Blood, 1 February 2003, Vol. 101, No. 3, pp. 787-787

Sleep tight, keep the oxygen right

The search for clinical and laboratory findings that predict the severity of sickle cell disease has been, in some ways, overly successful. Studies have associated future adverse events with unusually severe anemia, low fetal hemoglobin (HbF) levels, high white cell counts, and early complications. Determining which of these factors is most closely linked to outcome becomes increasingly important for the development of effective therapy.

In this issue, Hargrave and colleagues (page 846) have added nocturnal hypoxemia to the list of causative, and potentially treatable, factors. Extending their previous work that demonstrated a relationship between nocturnal hypoxemia and central nervous system complications in sickle cell disease, the investigators now show a remarkable link between nocturnal hypoxemia and painful crises. In 95 children and adolescents, a variety of measures of nocturnal hypoxemia are significantly associated with the number of inpatient days for management of pain. Mean oxygen saturation during sleep emerges as the key predictor of painful crises after adjusting for such factors as total hemoglobin level, HbF level, and white cell count. For each increase of one unit in the mean nocturnal oxygen saturation between 85% and 100%, the number of inpatient days for pain falls by 0.83. The study also provides an important note of caution for those who favor surgical solutions. Tonsillectomy and adenoidectomy did not reduce the frequency of crises in patients with upper airway obstruction unrelated to recurrent infections.

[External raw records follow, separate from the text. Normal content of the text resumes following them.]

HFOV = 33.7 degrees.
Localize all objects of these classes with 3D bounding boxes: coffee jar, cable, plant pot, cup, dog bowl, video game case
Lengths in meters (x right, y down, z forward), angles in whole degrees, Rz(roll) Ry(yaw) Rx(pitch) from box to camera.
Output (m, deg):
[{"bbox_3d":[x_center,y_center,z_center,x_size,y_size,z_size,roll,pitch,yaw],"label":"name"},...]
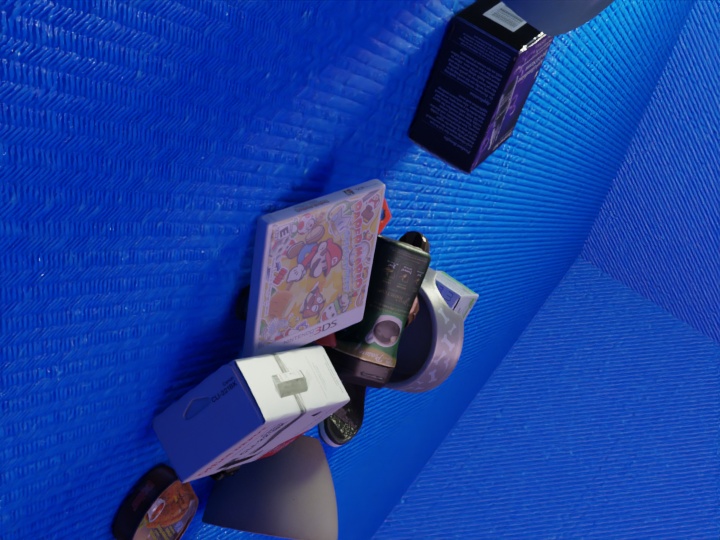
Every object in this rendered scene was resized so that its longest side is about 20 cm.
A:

For many decades, sickle cell disease represented the classic gap between an understanding of the pathophysiology of a disease and the development of effective treatment. Investigators have closed this gap as chronic transfusion therapy, prophylactic penicillin, HbF enhancers, bone marrow transplantation, membrane-active agents, and hemorheological drugs have entered clinical trials or clinical practice. An important outgrowth of these developments is the need to determine which approach has a sufficiently broad therapeutic impact to prevent many of the major complications of sickle cell disease and, therefore, to improve the overall quality and length of life of affected patients. Hargrave et al are presently taking the crucial next step to determine whether the overnight administration of oxygen is beneficial and deserves a place in the rapidly developing armamentarium of new treatments for sickle cell disease.